Top Classic Jokes, Classic Puns, Classic Dad Jokes & More

In this very funny joke compilation, we have come up with the best classic jokes, classic puns and classic dad jokes to make you laugh.

1. Hilarious Knock-Knock Jokes Guaranteed to Make You Laugh

1. Knock, knock.
Who’s there?
Boo.
Boo who?
Don’t cry, it’s just a joke!

2. Knock, knock.
Who’s there?
Lettuce.
Lettuce who?
Lettuce in, it’s freezing out here!

3. Knock, knock.
Who’s there?
Cow says.
Cow says who?
Cow says mooooo!

4. Knock, knock.
Who’s there?
Olive.
Olive who?
Olive you and I miss you!

5. Knock, knock.
Who’s there?
Harry.
Harry who?
Harry up, it’s cold out here!

6. Knock, knock.
Who’s there?
Police.
Police who?
Police stop telling these knock-knock jokes!

7. Knock, knock.
Who’s there?
Howard.
Howard who?
Howard you like to be locked out of your house?

8. Knock, knock.
Who’s there?
Lettuce.
Lettuce who?
Lettuce in, it’s raining outside!

9. Knock, knock.
Who’s there?
Ben.
Ben who?
Ben waiting for you to open the door already!

10. Knock, knock.
Who’s there?
Mikey.
Mikey who?
Mikey doesn’t fit in the keyhole, please open the door!

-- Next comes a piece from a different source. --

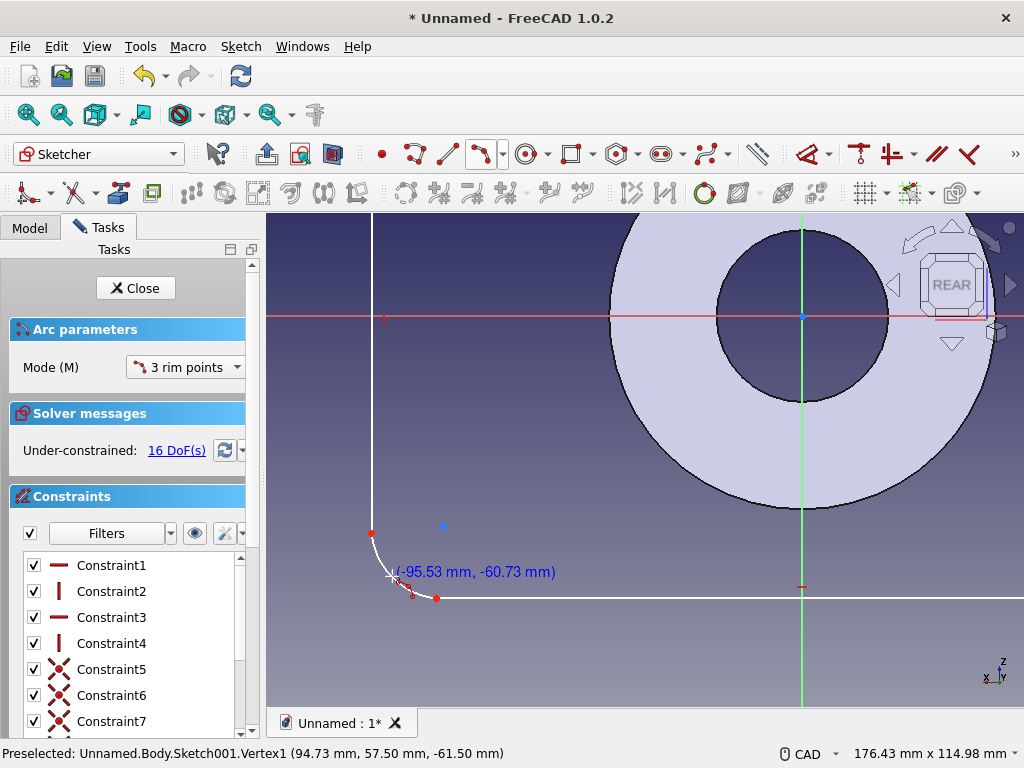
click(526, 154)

2. Side-Splitting Dad Jokes That Never Get Old

1. Why couldn’t the bicycle stand up by itself? It was two tired.

2. I’m reading a book on anti-gravity. It’s impossible to put down.

3. What do you call fake spaghetti? An impasta.

4. How do you organize a space party? You planet.

5. Why did the scarecrow win an award? Because he was outstanding in his field.

6. I used to play piano by ear, but now I use my hands.

7. How do you make holy water? You boil the hell out of it.

8. Want to hear a construction joke? Oh never mind, I’m still working on that one.

9. How does a penguin build its house? Igloos it together.

10. Why don’t scientists trust atoms? Because they make up everything.

3. The Funniest Blonde Jokes of All Time

1. Why did the blonde stare at the can of orange juice for hours? It said concentrate.

2. How do you get a blonde to laugh on a Saturday? Tell her a joke on Wednesday.

3. Why did the blonde climb over the glass wall? To see what was on the other side.

4. What do you call two blondes in a car? Dual airbags.

5. How do you make a blonde’s eyes light up? Shine a flashlight in her ears.

6. Why did the blonde bring a ladder to the bar? She heard the drinks were on the house.

7. Why did the blonde get excited after finishing a puzzle in 6 months? The box said 2-4 years.

8. Why did the blonde stare at the can of orange juice for hours? Because it said ‘concentrate.’

9. Why couldn’t the blonde add 10 and 7 on a calculator? She couldn’t find the “10” button.

10. Why do blondes have TGIF written on their shoes? Toes Go In First.

4. Timeless One-Liners That Will have You in Stitches

1. I used to play piano by ear, but now I use my hands.

2. Parallel lines have so much in common. It’s a shame they’ll never meet.

3. The rotation of Earth really makes my day.

4. I’m friends with 25 letters of the alphabet. I don’t know why.

5. Why did the golfer bring two pairs of pants? In case he got a hole in one.

6. Why did the tomato turn red? Because it saw the salad dressing.

7. What’s the best thing about Switzerland? I don’t know, but the flag is a big plus.

8. I’m on a seafood diet. I see food and I eat it.

9. I’m reading a book on the history of glue. Can’t seem to put it down.

10. The first time I got a universal remote control, I thought, “This changes everything.”

5. Rib-Tickling Puns That Are Punny and Playful

1. I’m reading a book on anti-gravity. It’s impossible to put down.

2. Why did the math book look sad? Because it had too many problems.

3. What do you get when you cross a snowman and a vampire? Frostbite.

4. The shovel was a groundbreaking invention.

5. I’m friends with 25 letters of the alphabet. I don’t know why.

6. Why did the scarecrow win an award? Because he was outstanding in his field.

7. I used to be a baker, but I couldn’t make enough dough.

8. I’m starting a new business selling landmines that look like prayer mats. Prophets are going through the roof.

9. Breaking up with a clown is no joke.

10. I used to be a baker, but I couldn’t make enough dough.